#### [RECORDED DATA]
★ ★ ★ ★ ★
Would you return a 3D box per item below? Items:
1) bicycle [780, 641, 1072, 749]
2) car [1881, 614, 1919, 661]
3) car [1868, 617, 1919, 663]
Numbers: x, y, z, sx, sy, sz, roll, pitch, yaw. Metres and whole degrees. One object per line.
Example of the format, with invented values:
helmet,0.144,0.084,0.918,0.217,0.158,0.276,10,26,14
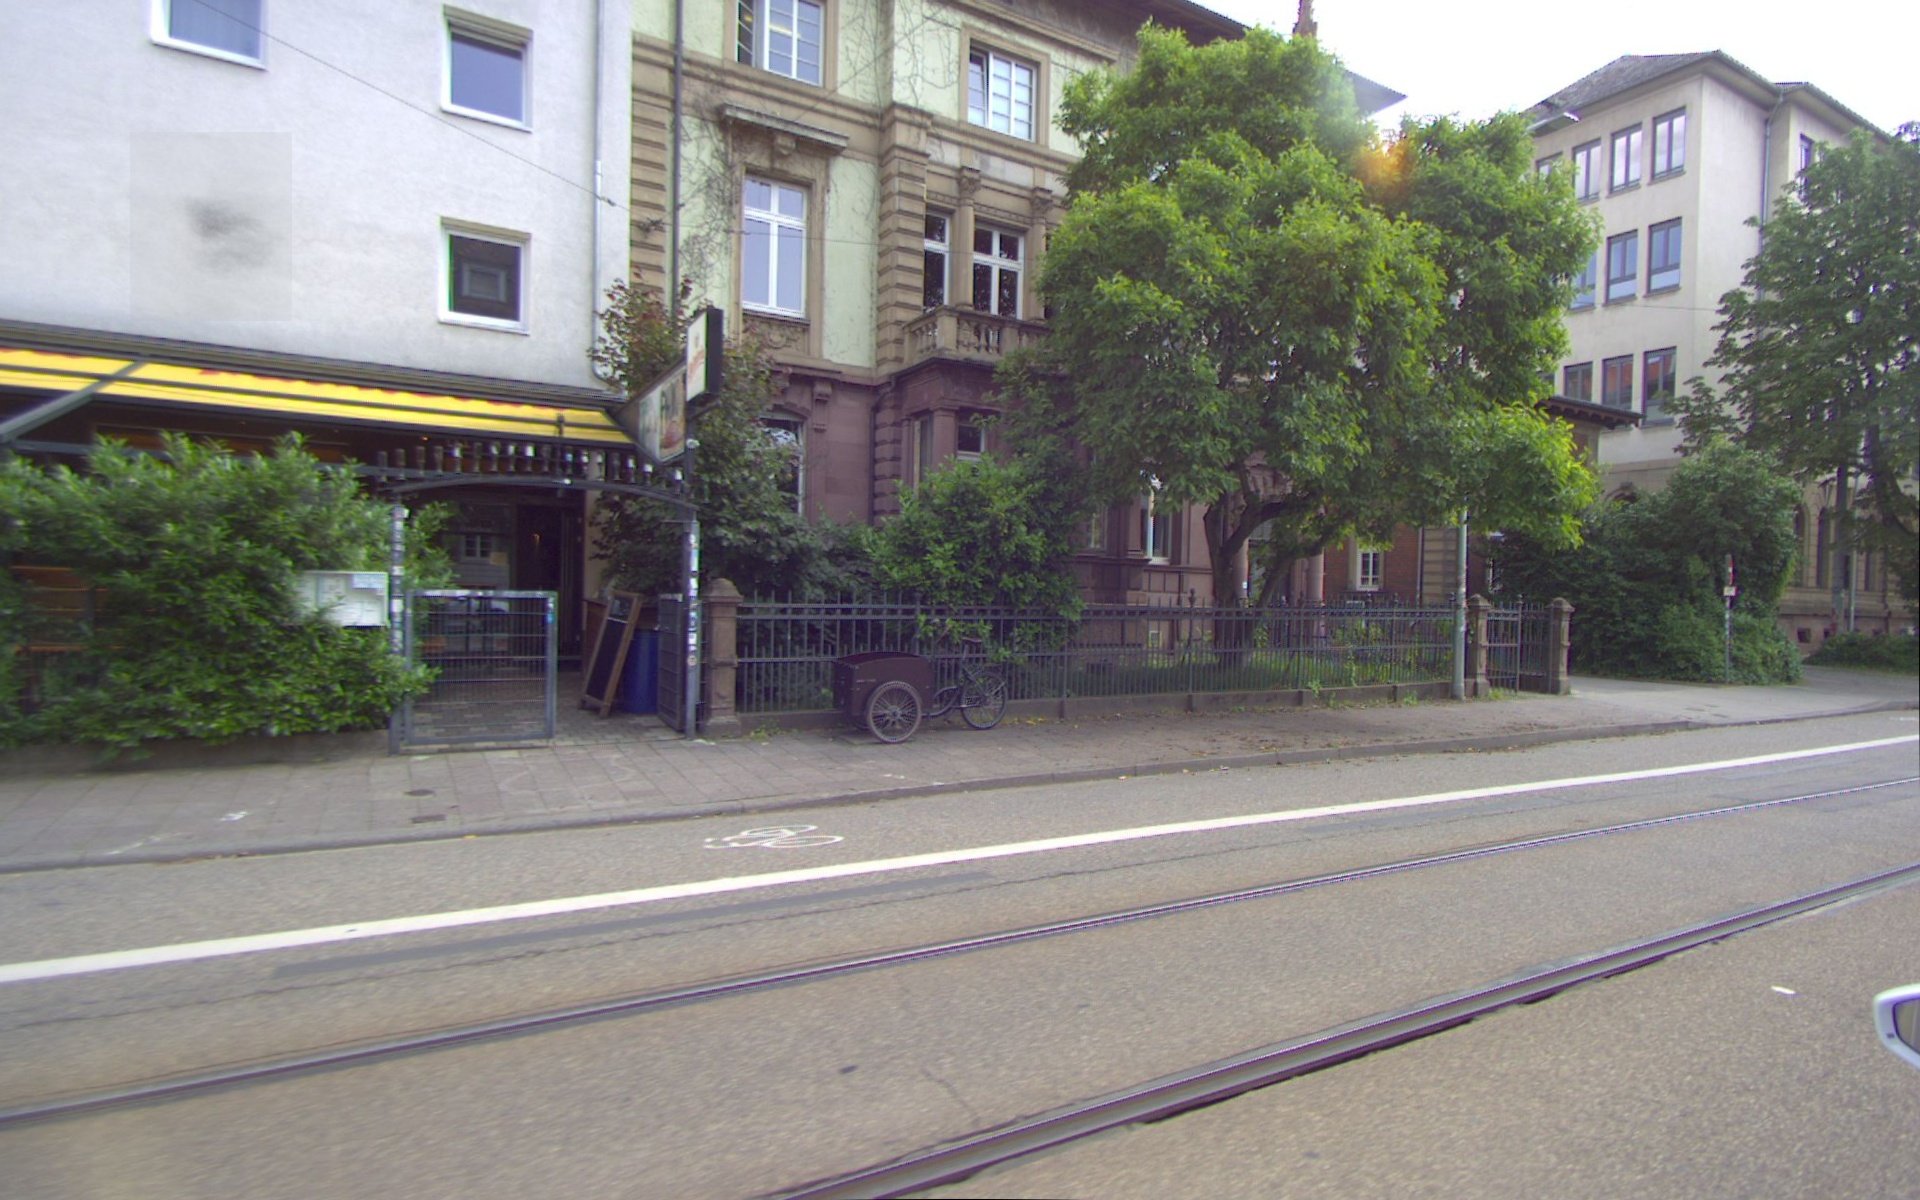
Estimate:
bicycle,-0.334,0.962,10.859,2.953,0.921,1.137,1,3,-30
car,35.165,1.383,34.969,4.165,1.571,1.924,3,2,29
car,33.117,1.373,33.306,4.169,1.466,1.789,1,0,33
★ ★ ★ ★ ★
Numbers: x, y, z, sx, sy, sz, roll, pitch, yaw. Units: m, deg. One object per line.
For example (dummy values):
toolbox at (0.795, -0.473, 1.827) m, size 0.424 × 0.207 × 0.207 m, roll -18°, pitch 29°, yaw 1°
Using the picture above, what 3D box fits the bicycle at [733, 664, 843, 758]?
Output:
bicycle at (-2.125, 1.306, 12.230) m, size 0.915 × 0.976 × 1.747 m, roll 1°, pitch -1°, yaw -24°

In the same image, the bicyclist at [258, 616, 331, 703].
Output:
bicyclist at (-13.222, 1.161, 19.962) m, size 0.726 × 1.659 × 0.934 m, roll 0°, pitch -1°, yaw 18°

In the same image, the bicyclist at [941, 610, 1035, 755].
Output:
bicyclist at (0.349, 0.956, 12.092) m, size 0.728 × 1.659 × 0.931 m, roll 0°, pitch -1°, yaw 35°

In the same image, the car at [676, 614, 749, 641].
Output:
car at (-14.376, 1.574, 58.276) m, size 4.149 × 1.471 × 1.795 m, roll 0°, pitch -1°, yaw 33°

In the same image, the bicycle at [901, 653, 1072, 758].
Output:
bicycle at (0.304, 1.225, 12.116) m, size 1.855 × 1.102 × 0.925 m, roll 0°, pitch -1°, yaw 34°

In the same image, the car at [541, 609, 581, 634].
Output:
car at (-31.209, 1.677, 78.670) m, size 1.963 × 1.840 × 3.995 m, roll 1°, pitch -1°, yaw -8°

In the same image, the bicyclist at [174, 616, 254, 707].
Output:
★ ★ ★ ★ ★
#### [TASK STATEMENT]
From the listing above, the lines starting with the one that has "Would you return" and running through the one that has "helmet,0.144,0.084,0.918,0.217,0.158,0.276,10,26,14" should be copied exactly, ends included.

#### [FINISHED EXERCISE]
Would you return a 3D box per item below? Items:
1) bicycle [780, 641, 1072, 749]
2) car [1881, 614, 1919, 661]
3) car [1868, 617, 1919, 663]
Numbers: x, y, z, sx, sy, sz, roll, pitch, yaw. Metres and whole degrees. One object per line.
Example of the format, with invented values:
helmet,0.144,0.084,0.918,0.217,0.158,0.276,10,26,14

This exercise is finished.